Bartel, C. J., Clary, J. M., Sutton, C. A., Vigil-Fowler, D., Goldsmith, B. R., Holder, A. M., et al. (2020). Inorganic Halide Double Perovskites with Optoelectronic Properties Modulated by Sublattice Mixing. Journal of the American Chemical Society, 142(11), 5135-5145. doi:10.1021/jacs.9b12440.


Cite as: http://hdl.handle.net/21.11116/0000-0006-1A30-7
Abstract
All-inorganic halide double perovskites have emerged as a promising class of materials that are potentially more stable and less toxic than lead-containing hybrid organic–inorganic perovskite optoelectronic materials.

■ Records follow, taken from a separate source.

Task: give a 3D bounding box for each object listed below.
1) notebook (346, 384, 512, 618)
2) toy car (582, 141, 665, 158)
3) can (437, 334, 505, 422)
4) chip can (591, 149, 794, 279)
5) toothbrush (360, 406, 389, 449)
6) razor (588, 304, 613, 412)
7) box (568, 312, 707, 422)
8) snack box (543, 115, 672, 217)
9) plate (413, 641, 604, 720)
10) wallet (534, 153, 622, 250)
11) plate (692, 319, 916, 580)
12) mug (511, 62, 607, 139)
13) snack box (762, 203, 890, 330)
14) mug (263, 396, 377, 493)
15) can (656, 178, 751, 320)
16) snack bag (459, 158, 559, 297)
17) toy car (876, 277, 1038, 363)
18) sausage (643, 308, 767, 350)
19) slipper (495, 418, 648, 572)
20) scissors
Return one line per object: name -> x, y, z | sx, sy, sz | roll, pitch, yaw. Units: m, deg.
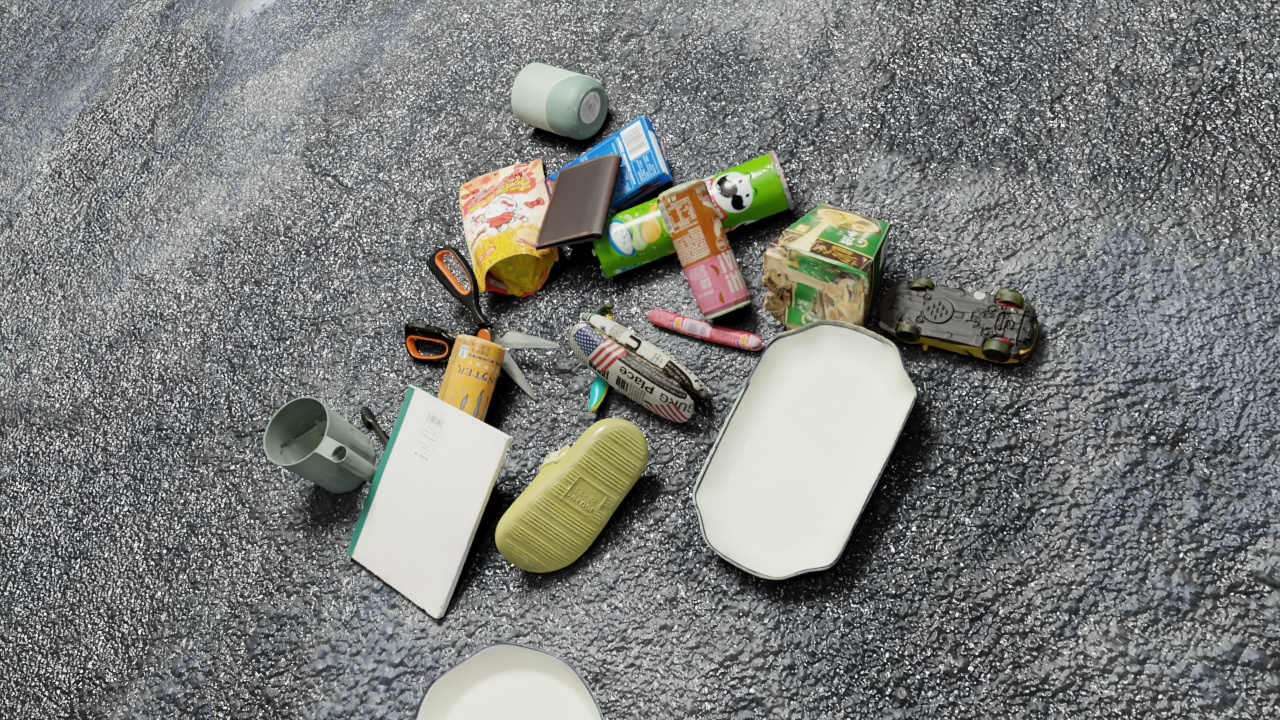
notebook -> -0.233, 0.149, 0.993 | 0.150, 0.012, 0.209 | 24, 96, 28
toy car -> -0.024, -0.247, 1.159 | 0.123, 0.037, 0.056 | -5, 76, 28
can -> -0.200, 0.047, 1.037 | 0.058, 0.058, 0.146 | 13, 83, 26
chip can -> 0.056, -0.168, 1.069 | 0.236, 0.072, 0.072 | -20, 58, 10
toothbrush -> -0.275, 0.122, 1.063 | 0.026, 0.027, 0.212 | -12, 44, -40
razor -> -0.046, 0.001, 1.041 | 0.043, 0.028, 0.132 | -29, 48, 44
box -> -0.011, 0.012, 0.982 | 0.163, 0.074, 0.079 | 35, 84, 13
snack box -> -0.042, -0.223, 1.128 | 0.157, 0.026, 0.084 | -28, 68, 23
plate -> -0.123, 0.372, 0.860 | 0.205, 0.045, 0.204 | -9, 60, 16
wallet -> -0.073, -0.187, 1.085 | 0.097, 0.020, 0.122 | -9, 54, 32
plate -> 0.161, 0.087, 0.901 | 0.162, 0.034, 0.265 | 22, 79, 27
mug -> -0.096, -0.348, 1.222 | 0.106, 0.082, 0.111 | 23, 42, 29
snack box -> 0.202, -0.095, 0.953 | 0.117, 0.118, 0.105 | 24, 56, 25
mug -> -0.351, 0.107, 1.051 | 0.124, 0.103, 0.083 | 22, 72, 27
can -> 0.069, -0.121, 1.004 | 0.058, 0.058, 0.147 | -22, 93, 8
snack bag -> -0.169, -0.175, 1.167 | 0.129, 0.073, 0.207 | -23, 50, 8
toy car -> 0.317, -0.041, 0.921 | 0.156, 0.041, 0.071 | 13, 68, 24
sausage -> 0.071, -0.033, 1.021 | 0.156, 0.020, 0.020 | 17, 70, 27
slipper -> -0.070, 0.135, 0.956 | 0.190, 0.091, 0.081 | -47, 18, 2
scissors -> -0.200, -0.035, 1.097 | 0.224, 0.021, 0.221 | -26, 82, 27
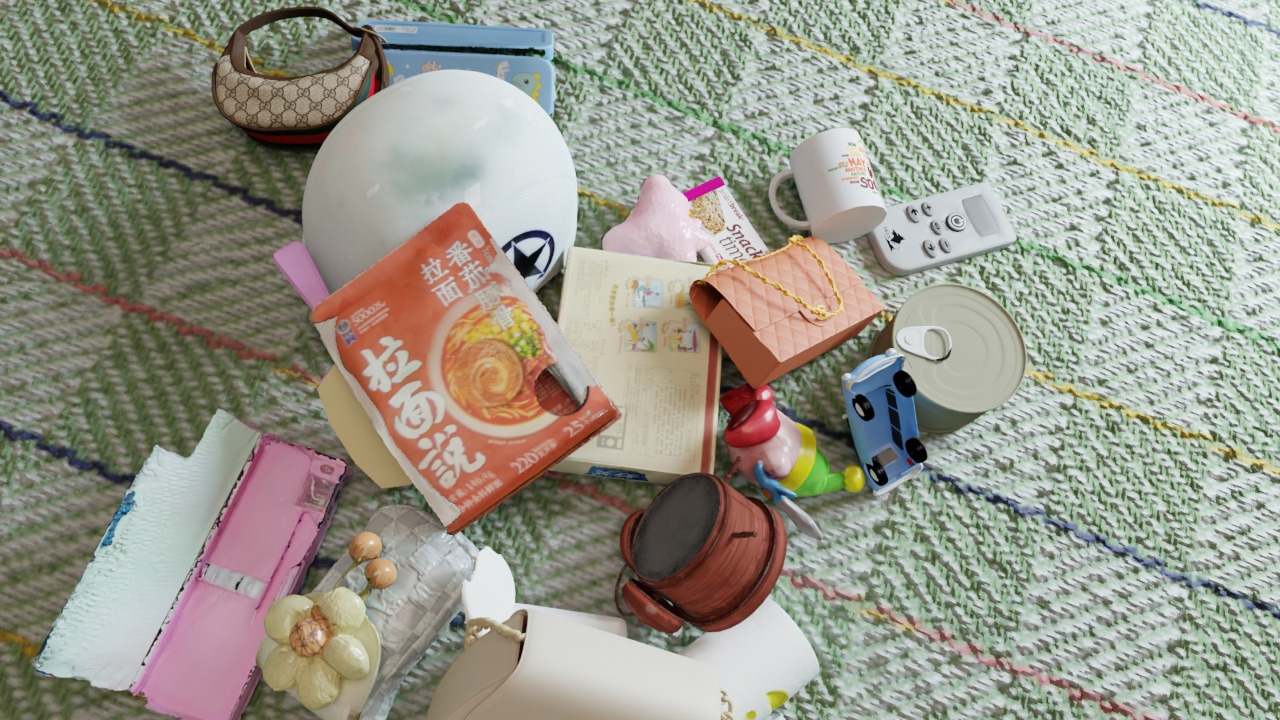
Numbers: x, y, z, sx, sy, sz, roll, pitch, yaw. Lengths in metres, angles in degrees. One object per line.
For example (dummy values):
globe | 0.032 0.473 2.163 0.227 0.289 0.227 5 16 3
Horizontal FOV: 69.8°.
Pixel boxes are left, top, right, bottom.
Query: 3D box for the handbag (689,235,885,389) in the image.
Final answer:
handbag | 0.138 -0.058 0.848 0.171 0.060 0.109 -24 69 -41

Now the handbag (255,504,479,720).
handbag | -0.208 0.190 0.712 0.112 0.123 0.171 28 67 20

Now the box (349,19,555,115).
box | -0.192 -0.307 0.944 0.209 0.049 0.120 1 68 -5

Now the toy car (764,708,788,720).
toy car | 0.084 0.328 0.743 0.105 0.033 0.048 -38 76 -19

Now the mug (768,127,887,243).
mug | 0.184 -0.171 0.928 0.105 0.073 0.089 -16 71 9

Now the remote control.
remote control | 0.311 -0.137 0.954 0.151 0.019 0.074 -16 72 -12

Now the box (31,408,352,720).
box | -0.349 0.161 0.738 0.158 0.066 0.230 29 67 -21

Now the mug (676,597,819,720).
mug | 0.079 0.253 0.743 0.106 0.083 0.082 -33 76 -18

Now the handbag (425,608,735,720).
handbag | -0.050 0.282 0.662 0.210 0.209 0.103 21 24 -11

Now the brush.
brush | -0.240 0.002 0.776 0.089 0.043 0.228 -31 99 -6

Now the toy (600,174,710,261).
toy | 0.021 -0.127 0.898 0.093 0.050 0.102 31 78 5

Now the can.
can | 0.287 0.000 0.870 0.127 0.073 0.127 2 69 -6

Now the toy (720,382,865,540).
toy | 0.133 0.085 0.807 0.097 0.124 0.131 -30 105 7

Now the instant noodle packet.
instant noodle packet | -0.143 0.004 0.742 0.164 0.084 0.221 -35 86 0

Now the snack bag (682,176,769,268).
snack bag | 0.103 -0.097 0.916 0.070 0.016 0.196 -27 74 -17

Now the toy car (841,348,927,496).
toy car | 0.213 0.054 0.813 0.056 0.153 0.054 -28 38 -8

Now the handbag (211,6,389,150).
handbag | -0.326 -0.279 0.892 0.166 0.063 0.138 0 82 4

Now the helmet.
helmet | -0.185 -0.152 0.825 0.263 0.164 0.236 -30 74 -16

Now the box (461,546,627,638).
box | -0.074 0.211 0.713 0.136 0.144 0.083 8 46 -2

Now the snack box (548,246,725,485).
snack box | -0.005 0.005 0.842 0.153 0.055 0.207 7 68 -4

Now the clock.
clock | 0.040 0.160 0.754 0.072 0.158 0.120 39 25 -26
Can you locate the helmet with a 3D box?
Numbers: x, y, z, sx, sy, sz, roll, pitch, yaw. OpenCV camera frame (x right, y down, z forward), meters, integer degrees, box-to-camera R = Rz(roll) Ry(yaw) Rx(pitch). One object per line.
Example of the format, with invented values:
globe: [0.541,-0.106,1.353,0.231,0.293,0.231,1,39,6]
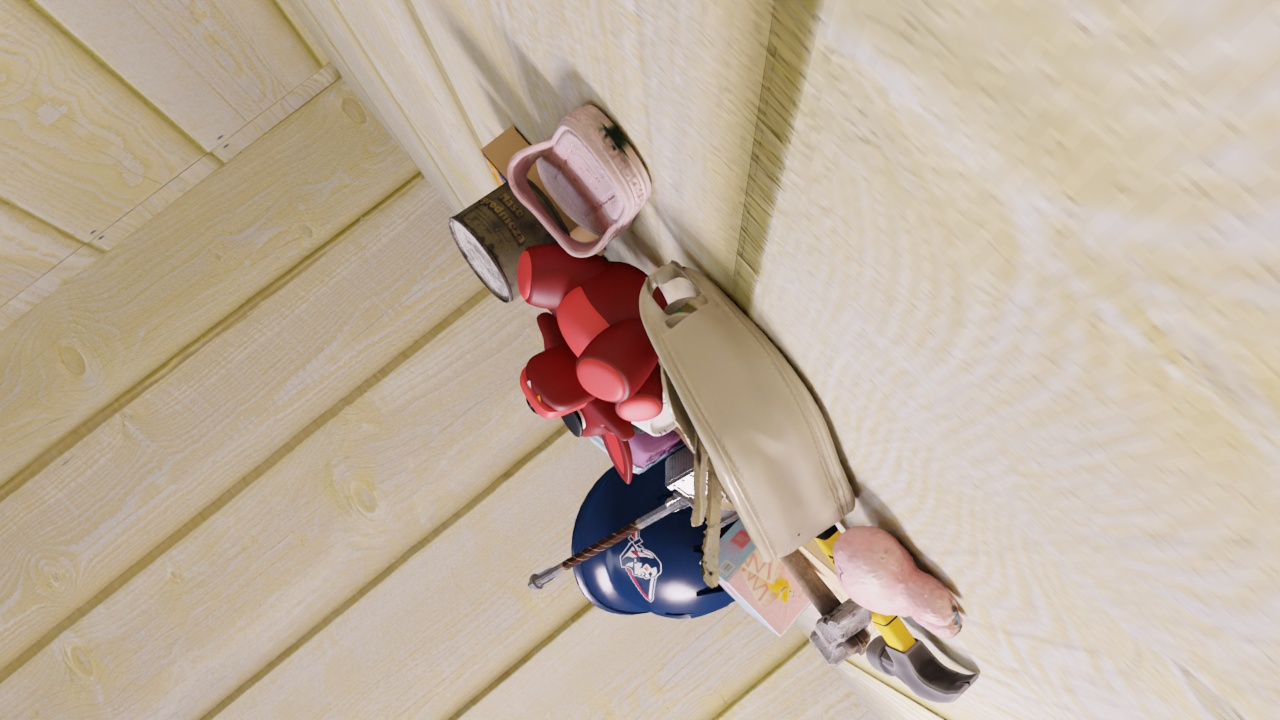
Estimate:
helmet: [0.040,0.227,1.187,0.223,0.271,0.232,-152,55,-63]

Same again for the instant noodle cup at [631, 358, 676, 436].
instant noodle cup: [-0.005,0.005,0.912,0.122,0.123,0.124,38,169,26]

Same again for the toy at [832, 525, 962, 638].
toy: [0.194,0.169,0.696,0.105,0.053,0.108,29,161,34]

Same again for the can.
can: [-0.113,-0.108,0.814,0.090,0.074,0.090,47,163,19]

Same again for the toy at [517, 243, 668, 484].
toy: [-0.043,0.003,0.785,0.158,0.120,0.198,51,151,23]

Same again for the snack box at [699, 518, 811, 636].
snack box: [0.137,0.243,1.044,0.095,0.079,0.093,47,170,-11]

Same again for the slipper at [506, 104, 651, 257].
slipper: [-0.051,-0.121,0.670,0.094,0.064,0.239,52,173,-9]

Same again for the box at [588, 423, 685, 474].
box: [0.016,0.070,1.008,0.076,0.033,0.213,40,-159,13]

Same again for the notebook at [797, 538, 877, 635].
notebook: [0.209,0.243,1.069,0.167,0.024,0.225,39,170,27]

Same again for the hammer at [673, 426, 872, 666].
hammer: [0.112,0.147,0.886,0.318,0.049,0.122,52,167,32]

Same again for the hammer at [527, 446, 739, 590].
hammer: [-0.020,0.201,1.069,0.098,0.323,0.044,39,-148,-28]

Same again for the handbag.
handbag: [0.057,0.056,0.691,0.184,0.132,0.229,56,176,25]

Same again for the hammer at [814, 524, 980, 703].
hammer: [0.191,0.185,0.853,0.324,0.034,0.170,55,166,-5]

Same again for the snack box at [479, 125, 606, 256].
snack box: [-0.094,-0.155,0.900,0.126,0.040,0.088,49,174,16]

In this work, 311 cesium chloride double perovskites (Cs2BB′Cl6) were selected from a set of 903 compounds as likely being stable on the basis of a statistically learned tolerance factor (τ) for perovskite stability. First-principles calculations on these 311 double perovskites were then performed to assess their stability and identify candidates with band gaps appropriate for optoelectronic applications. We predict that 261 of the 311 Cs2BB′Cl6 compounds are likely synthesizable on the basis of a thermodynamic analysis of their decomposition to competing compounds (decomposition enthalpy <0.05 eV/atom). Of these 261 likely synthesizable compounds, 47 contain no toxic elements and have direct or nearly direct (within 100 meV) band gaps between 1 and 3 eV, as computed with hybrid density functional theory (HSE06). Within this set, we identify the triple-alkali perovskites Cs2[Alk]+[TM]3+Cl6, where Alk is a group 1 alkali cation and TM is a transition-metal cation, as a class of Cs2BB′Cl6 double perovskites with remarkable optical properties, including large and tunable exciton binding energies as computed by the GW-Bethe–Salpeter equation (GW-BSE) method. We attribute the unusual electronic structure of these compounds to the mixing of the Alk-Cl and TM-Cl sublattices, leading to materials with small band gaps, large exciton binding energies, and absorption spectra that are strongly influenced by the identity of the transition metal. The role of the double-perovskite structure in enabling these unique properties is probed through an analysis of the electronic structures and chemical bonding of these compounds in comparison with other transition-metal and alkali transition-metal halides.